- _Data section_

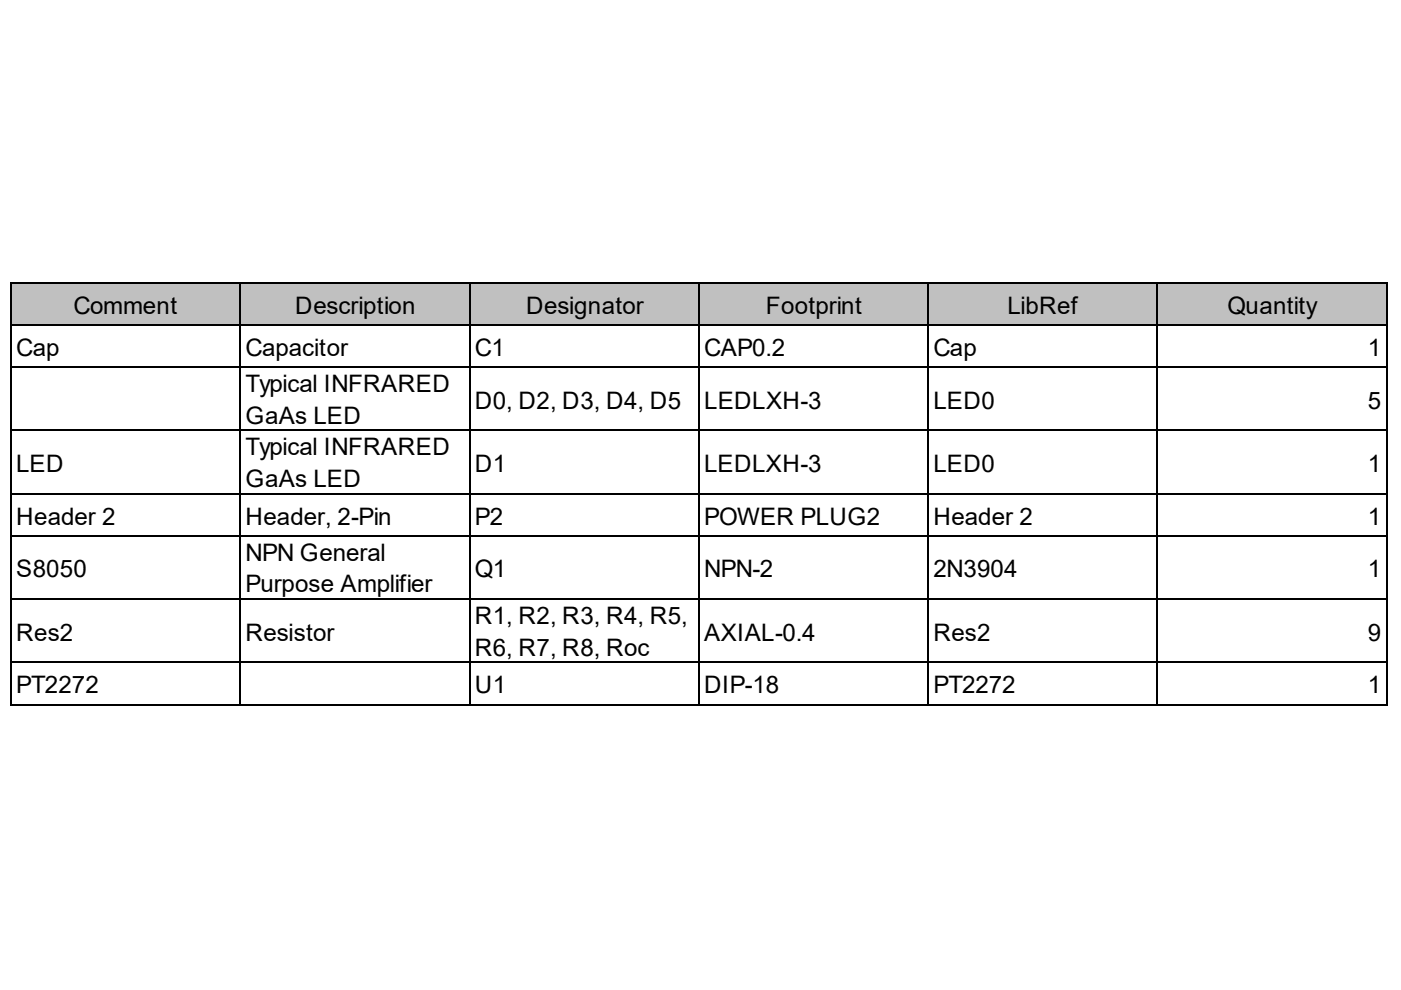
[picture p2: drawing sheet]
<svg xmlns="http://www.w3.org/2000/svg" width="297mm" height="210mm" viewBox="0 0 297 210" stroke-linecap="round" stroke-linejoin="round" font-family="sans-serif">
<defs><g id="words">
<g font-size="5.1">
<text x="15.6" y="66.5">Comment</text>
<text x="62.6" y="66.5">Description</text>
<text x="111.5" y="66.5">Designator</text>
<text x="162.4" y="66.5">Footprint</text>
<text x="213.6" y="66.5">LibRef</text>
<text x="260.3" y="66.5">Quantity</text>
<text x="3.4" y="75.5">Cap</text>
<text x="52" y="75.5">Capacitor</text>
<text x="100.7" y="75.5">C1</text>
<text x="149.3" y="75.5">CAP0.2</text>
<text x="197.9" y="75.5">Cap</text>
<text x="290" y="75.5">1</text>
<text x="52" y="83.1">Typical INFRARED</text>
<text x="52" y="89.8">GaAs LED</text>
<text x="100.7" y="86.6">D0, D2, D3, D4, D5</text>
<text x="149.3" y="86.6">LEDLXH-3</text>
<text x="197.9" y="86.6">LED0</text>
<text x="290" y="86.6">5</text>
<text x="3.4" y="100.1">LED</text>
<text x="52" y="96.5">Typical INFRARED</text>
<text x="100.7" y="100.1">D1</text>
<text x="149.3" y="100.1">LEDLXH-3</text>
<text x="197.9" y="100.1">LED0</text>
<text x="290" y="100.1">1</text>
<text x="52" y="103.2">GaAs LED</text>
<text x="3.4" y="111.2">Header 2</text>
<text x="52" y="111.2">Header, 2-Pin</text>
<text x="100.7" y="111.2">P2</text>
<text x="149.3" y="111.2">POWER PLUG2</text>
<text x="197.9" y="111.2">Header 2</text>
<text x="290" y="111.2">1</text>
<text x="52" y="118.9">NPN General</text>
<text x="3.4" y="122.4">S8050</text>
<text x="52" y="125.6">Purpose Amplifier</text>
<text x="100.7" y="122.4">Q1</text>
<text x="149.3" y="122.4">NPN-2</text>
<text x="197.9" y="122.4">2N3904</text>
<text x="290" y="122.4">1</text>
<text x="3.4" y="135.8">Res2</text>
<text x="52" y="135.8">Resistor</text>
<text x="100.7" y="132.3">R1, R2, R3, R4, R5,</text>
<text x="149.3" y="135.8">AXIAL-0.4</text>
<text x="197.9" y="135.8">Res2</text>
<text x="290" y="135.8">9</text>
<text x="100.7" y="139">R6, R7, R8, Roc</text>
<text x="3.4" y="147">PT2272</text>
<text x="100.7" y="147">U1</text>
<text x="149.3" y="147">DIP-18</text>
<text x="197.9" y="147">PT2272</text>
<text x="290" y="147">1</text>
</g>
</g></defs>
<g fill="#c0c0c0">
<path d="M2.4 60.1h48.7v9h-48.7z" fill-rule="evenodd"/>
<path d="M50.8 60.1h48.9v9h-48.9z" fill-rule="evenodd"/>
<path d="M99.4 60.1h48.9v9h-48.9z" fill-rule="evenodd"/>
<path d="M148 60.1h48.9v9h-48.9z" fill-rule="evenodd"/>
<path d="M196.6 60.1h49v9h-49z" fill-rule="evenodd"/>
<path d="M245.2 60.1h49v9h-49z" fill-rule="evenodd"/>
</g>
<g fill="none" stroke="#000" stroke-width=".32">
<path d="M2.2 60h292M2.3 59.8v89.7M50.9 59.8v89.7M99.5 59.8v89.7M148.2 59.8v89.7M196.8 59.8v89.7M245.4 59.8v89.7M294 59.8v89.7M2.2 68.9h292M2.2 77.9h292M2.2 91.3h292M2.2 104.7h292"/>
<path d="M2.2 113.6h292M2.2 127h292M2.2 140.4h292M2.2 149.4h292"/>
</g>
<use href="#words"/>
</svg>

- _Task details_
Copy every record exactly, but skip the pictures.

- _Exercise answer_
[picture p2: drawing sheet]
<svg xmlns="http://www.w3.org/2000/svg" width="297mm" height="210mm" viewBox="0 0 297 210" stroke-linecap="round" stroke-linejoin="round" font-family="sans-serif">
<defs><g id="words">
<g font-size="5.1">
<text x="15.6" y="66.5">Comment</text>
<text x="62.6" y="66.5">Description</text>
<text x="111.5" y="66.5">Designator</text>
<text x="162.4" y="66.5">Footprint</text>
<text x="213.6" y="66.5">LibRef</text>
<text x="260.3" y="66.5">Quantity</text>
<text x="3.4" y="75.5">Cap</text>
<text x="52" y="75.5">Capacitor</text>
<text x="100.7" y="75.5">C1</text>
<text x="149.3" y="75.5">CAP0.2</text>
<text x="197.9" y="75.5">Cap</text>
<text x="290" y="75.5">1</text>
<text x="52" y="83.1">Typical INFRARED</text>
<text x="52" y="89.8">GaAs LED</text>
<text x="100.7" y="86.6">D0, D2, D3, D4, D5</text>
<text x="149.3" y="86.6">LEDLXH-3</text>
<text x="197.9" y="86.6">LED0</text>
<text x="290" y="86.6">5</text>
<text x="3.4" y="100.1">LED</text>
<text x="52" y="96.5">Typical INFRARED</text>
<text x="100.7" y="100.1">D1</text>
<text x="149.3" y="100.1">LEDLXH-3</text>
<text x="197.9" y="100.1">LED0</text>
<text x="290" y="100.1">1</text>
<text x="52" y="103.2">GaAs LED</text>
<text x="3.4" y="111.2">Header 2</text>
<text x="52" y="111.2">Header, 2-Pin</text>
<text x="100.7" y="111.2">P2</text>
<text x="149.3" y="111.2">POWER PLUG2</text>
<text x="197.9" y="111.2">Header 2</text>
<text x="290" y="111.2">1</text>
<text x="52" y="118.9">NPN General</text>
<text x="3.4" y="122.4">S8050</text>
<text x="52" y="125.6">Purpose Amplifier</text>
<text x="100.7" y="122.4">Q1</text>
<text x="149.3" y="122.4">NPN-2</text>
<text x="197.9" y="122.4">2N3904</text>
<text x="290" y="122.4">1</text>
<text x="3.4" y="135.8">Res2</text>
<text x="52" y="135.8">Resistor</text>
<text x="100.7" y="132.3">R1, R2, R3, R4, R5,</text>
<text x="149.3" y="135.8">AXIAL-0.4</text>
<text x="197.9" y="135.8">Res2</text>
<text x="290" y="135.8">9</text>
<text x="100.7" y="139">R6, R7, R8, Roc</text>
<text x="3.4" y="147">PT2272</text>
<text x="100.7" y="147">U1</text>
<text x="149.3" y="147">DIP-18</text>
<text x="197.9" y="147">PT2272</text>
<text x="290" y="147">1</text>
</g>
</g></defs>
<g fill="#c0c0c0">
<path d="M2.4 60.1h48.7v9h-48.7z" fill-rule="evenodd"/>
<path d="M50.8 60.1h48.9v9h-48.9z" fill-rule="evenodd"/>
<path d="M99.4 60.1h48.9v9h-48.9z" fill-rule="evenodd"/>
<path d="M148 60.1h48.9v9h-48.9z" fill-rule="evenodd"/>
<path d="M196.6 60.1h49v9h-49z" fill-rule="evenodd"/>
<path d="M245.2 60.1h49v9h-49z" fill-rule="evenodd"/>
</g>
<g fill="none" stroke="#000" stroke-width=".32">
<path d="M2.2 60h292M2.3 59.8v89.7M50.9 59.8v89.7M99.5 59.8v89.7M148.2 59.8v89.7M196.8 59.8v89.7M245.4 59.8v89.7M294 59.8v89.7M2.2 68.9h292M2.2 77.9h292M2.2 91.3h292M2.2 104.7h292"/>
<path d="M2.2 113.6h292M2.2 127h292M2.2 140.4h292M2.2 149.4h292"/>
</g>
<use href="#words"/>
</svg>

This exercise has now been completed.